Editorial: Congress has to seize the moment Biden has given it to fix immigration
Amid his first wave of actions after his inauguration Wednesday, President Biden took direct aim at the nation’s dysfunctional immigration system by rescinding some of the Trump administration’s more extreme approaches to enforcement and pushing Congress to finally adopt comprehensive reforms. That’s a refreshing — and responsible — change from his predecessor’s unconscionably nativist approach.
Biden seeks to embrace a humane and pragmatic view of immigration reform. The executive directives halt further construction of President Trump’s vanity wall along the U.S.-Mexico border; reinvigorate the Obama-era Deferred Action for Childhood Arrivals program that Trump sought to end; lift the entry ban on people from about a dozen countries, most with significant Muslim populations; and withdraw an order that ramped up immigration sweeps in the interior of the country.
The inauguration of Joe Biden means more than just a change in administration. It means an escape from Trump’s relentless demand for attention.
Separately, the Department of Homeland Security announced a 100-day suspension of deportations as it reviews procedures and a freeze on new enrollments in the program that requires border-crossing asylum seekers to remain in Mexico, though it did not offer relief for the 60,000 asylum seekers currently stranded along the border. In a sense, the new directives reset federal polices to those of the Obama administration, which is good enough for now.

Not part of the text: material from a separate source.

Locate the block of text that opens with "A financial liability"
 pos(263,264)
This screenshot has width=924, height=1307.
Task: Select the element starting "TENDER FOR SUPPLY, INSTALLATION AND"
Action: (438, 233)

Biden’s more ambitious efforts lie within the bill he proposed to Congress this week, the U.S. Citizenship Act of 2021. Among other things, the measure would let some 11 million people now living in the shadows apply for temporary legal status and provide them an eight-year path to citizenship. That is both the strength of the proposal and its major friction point.
A main argument against such “amnesty” is that it encourages migrants to come in without permission in the hope of staying below the radar until the next amnesty comes along. But sweeping amnesties such as what Biden proposes are rare — the last major one came in the Reagan administration — and the reality is that our immigration enforcement has been ineffective for so long that the U.S. is now home — yes, home — to millions of people without authorization.

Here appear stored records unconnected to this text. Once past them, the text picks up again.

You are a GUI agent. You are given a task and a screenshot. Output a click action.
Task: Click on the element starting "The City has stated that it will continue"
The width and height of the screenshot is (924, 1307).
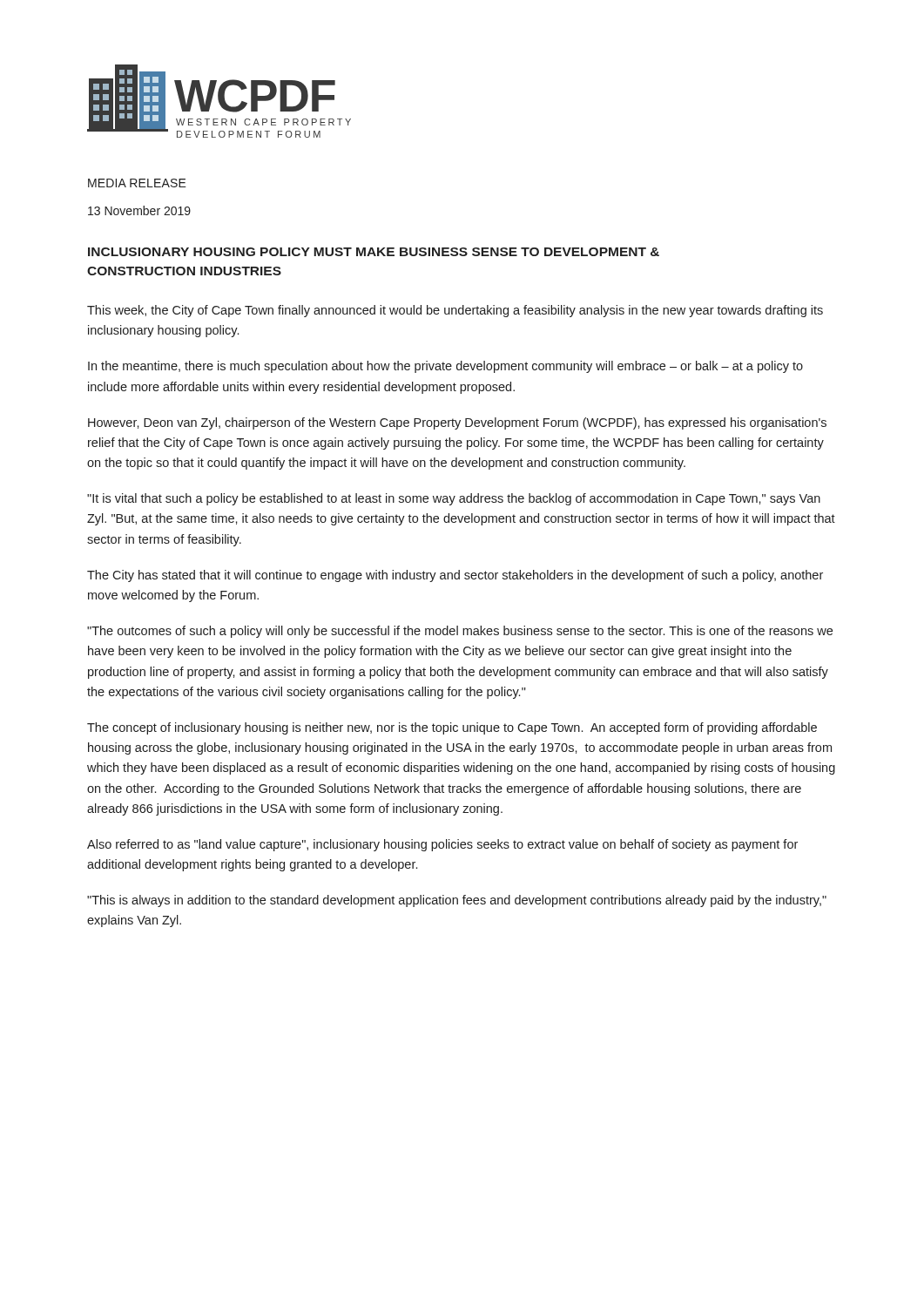point(455,585)
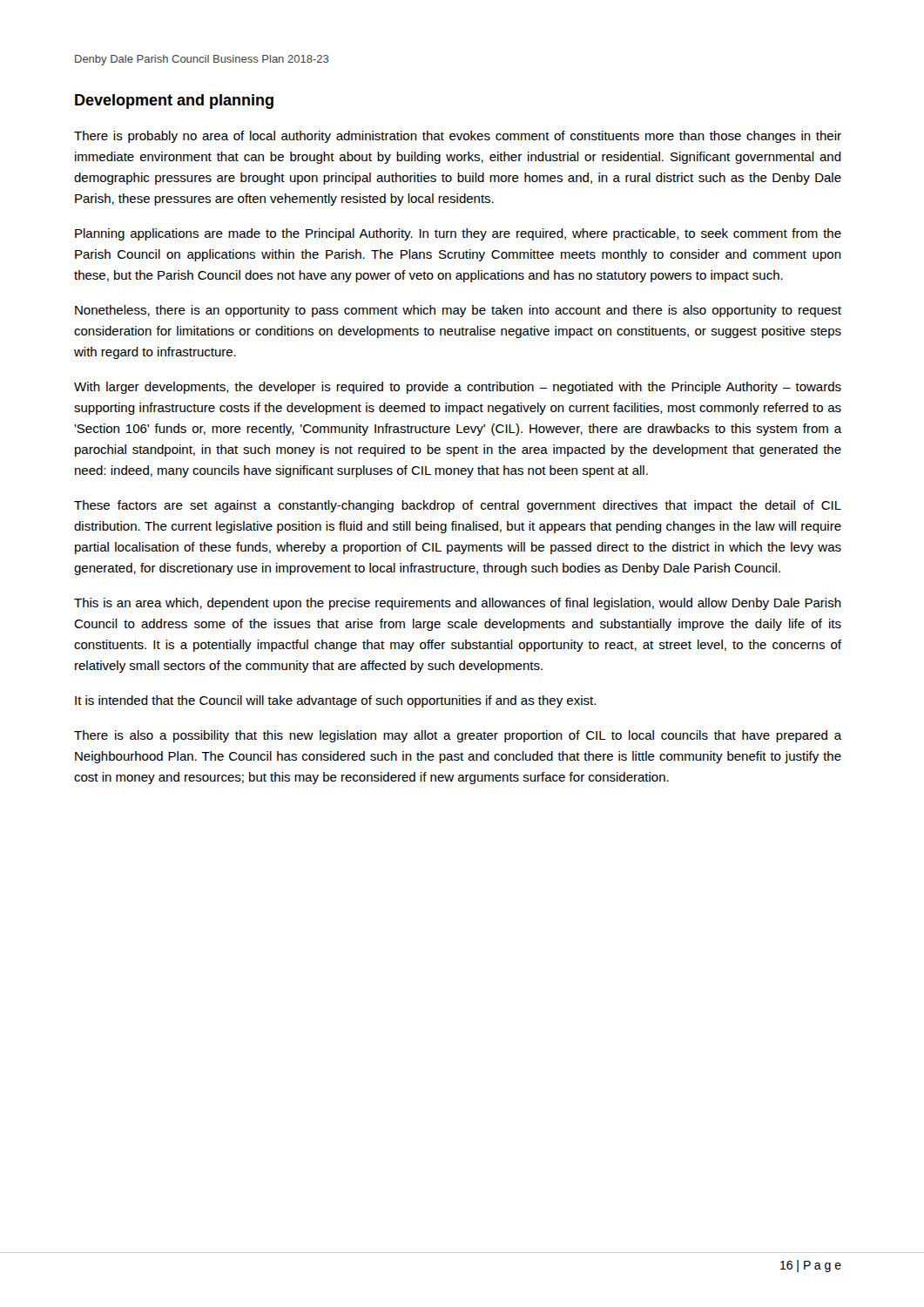Point to the text starting "Nonetheless, there is an opportunity to pass comment"
924x1307 pixels.
[x=458, y=331]
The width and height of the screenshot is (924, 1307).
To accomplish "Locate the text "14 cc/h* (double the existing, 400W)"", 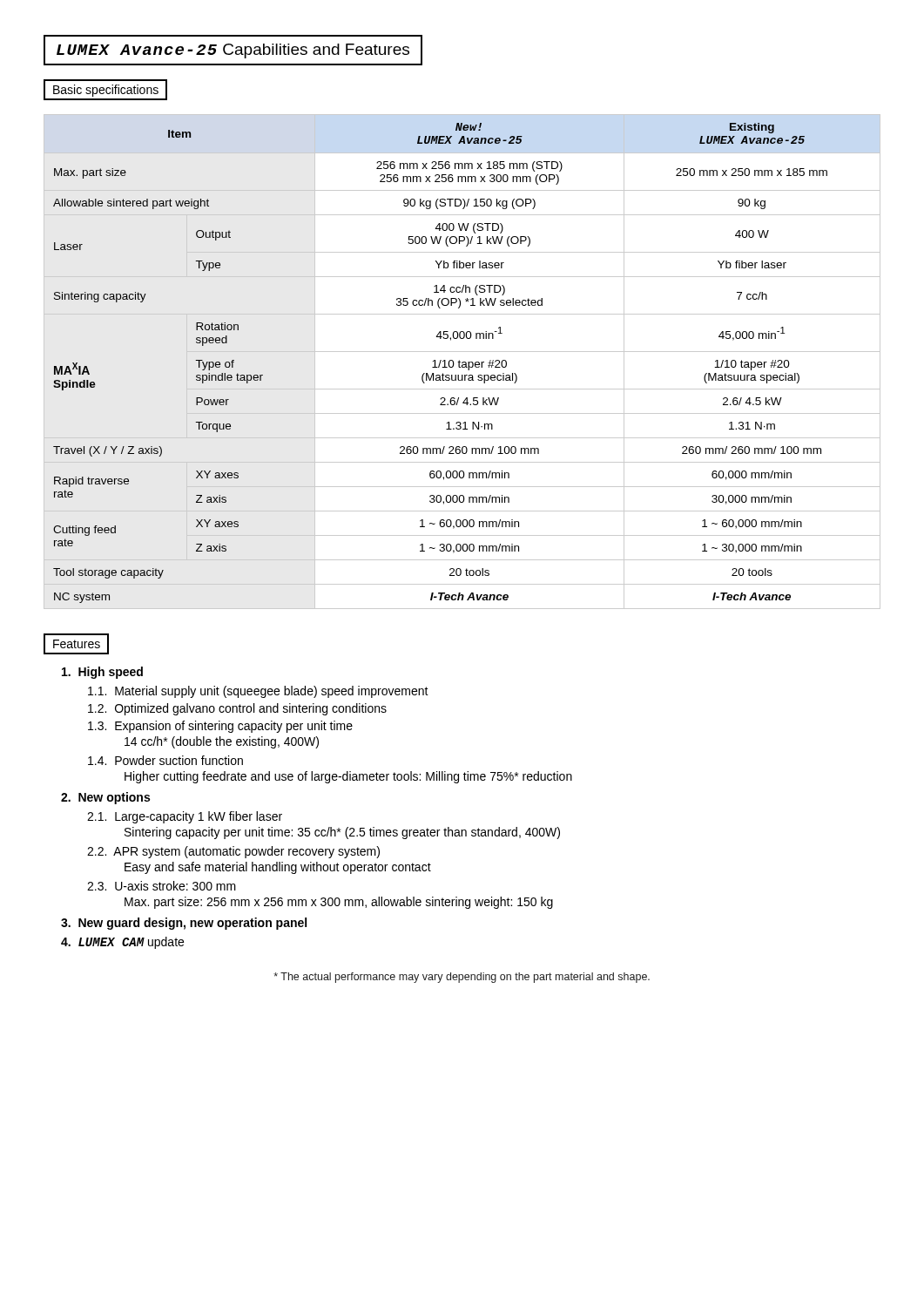I will pyautogui.click(x=222, y=742).

Rousting them all, as the hard-liners advocate, would be impossible to achieve and damaging to the country. As of 2017, half of all unauthorized immigrants had lived in the U.S. for at least 15 years, according to the Pew Research Center, and their tenure has likely only increased since then. Many have American spouses, American dependents, and contribute to their communities and the economy (including owning businesses that employ Americans). There is nothing to be gained from kicking them out now. Immigration reform must reflect that reality while also ensuring that migrants who credibly pose a risk to public safety do not remain.
Trump’s sweeping enforcement policies have left us with a backlog of 1.3 million cases in immigration courts, which is more than double the backlog he inherited from Obama, with the average wait time of 2.4 years for pending cases. Offering temporary legal status and a path to citizenship would radically reduce that caseload and the delay in resolving cases.

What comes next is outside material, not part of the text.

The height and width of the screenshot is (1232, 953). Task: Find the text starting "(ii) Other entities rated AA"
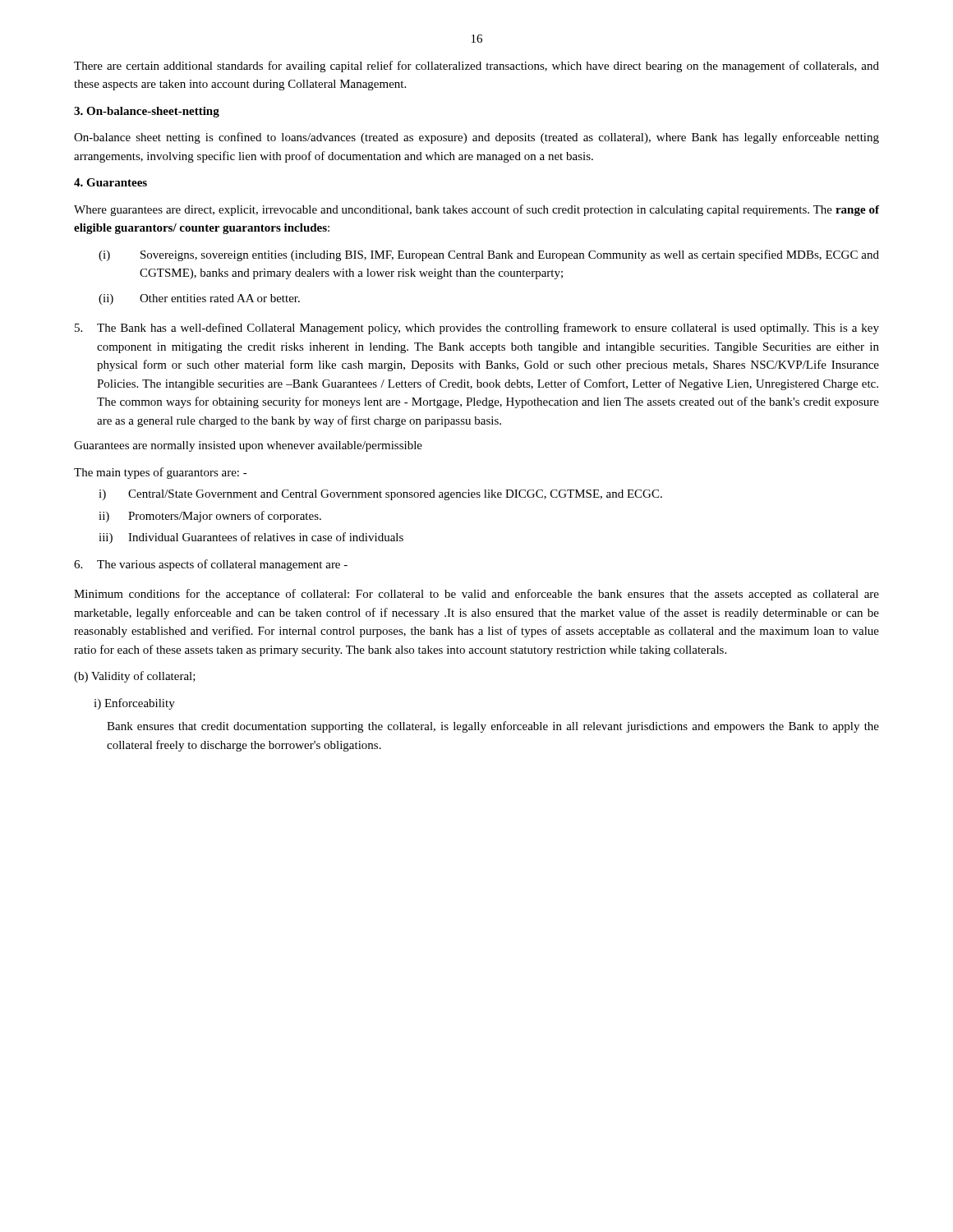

Congress has failed for years to fix our broken immigration system. Biden’s immigration proposals could give the members a chance to redeem themselves.
Biden also would use financial aid again to try to stabilize the governments and economies of Guatemala, Honduras and El Salvador, where migrants have been leaving in the tens of thousands to escape crime and grinding poverty exacerbated by the effects of climate change, including two major hurricanes this season in a matter of weeks. Reducing the “push factors” is an important part of the mix, though even Pollyanna would recognize that endemic corruption in the region is a strong headwind to success.
Other elements of Biden’s proposal call for developing better technological methods to monitor the U.S.-Mexico border, improving processing of new arrivals at ports of entry and expanding efforts to counter international trafficking in people and drugs. The plan doesn’t give as much attention to border security as conservatives typically demand, however. And based on overviews of the proposal, it appears to ignore the problem of people who arrive legally but then don’t leave once their visa expires, which accounts for half of the people who fall into unauthorized status.
One notable component missing from Biden’s proposed legislative reforms: dismantling the nation’s unnecessary, inhumane and mostly privatized system for detaining immigrants, part and parcel of a longstanding (and bipartisan) U.S. policy that some people desperately seeking asylum or the chance for a better life must be deprived of their freedom while the government considers their cases. But the vast majority of detainees pose no risk of fleeing or threatening public safety, and depriving them of their freedom because they seek protections is grotesquely unjust.
There are, of course, no quick fixes to the broken immigration system, which rivals the tax code in its complexity. The specifics of Biden’s proposed legislation will emerge and be debated in the coming weeks or months, and we fervently hope the reform effort doesn’t get caught up in the same web of resistance that has doomed previous efforts. A Democratic president proposing an immigration overhaul to a Congress in which not even the Democrats are unified means this will be a long slog. But Congress must seize the moment.
5:29 p.m. Jan. 21, 2021: This editorial was updated to clarify the nature of the nations affected by Trump’s travel ban.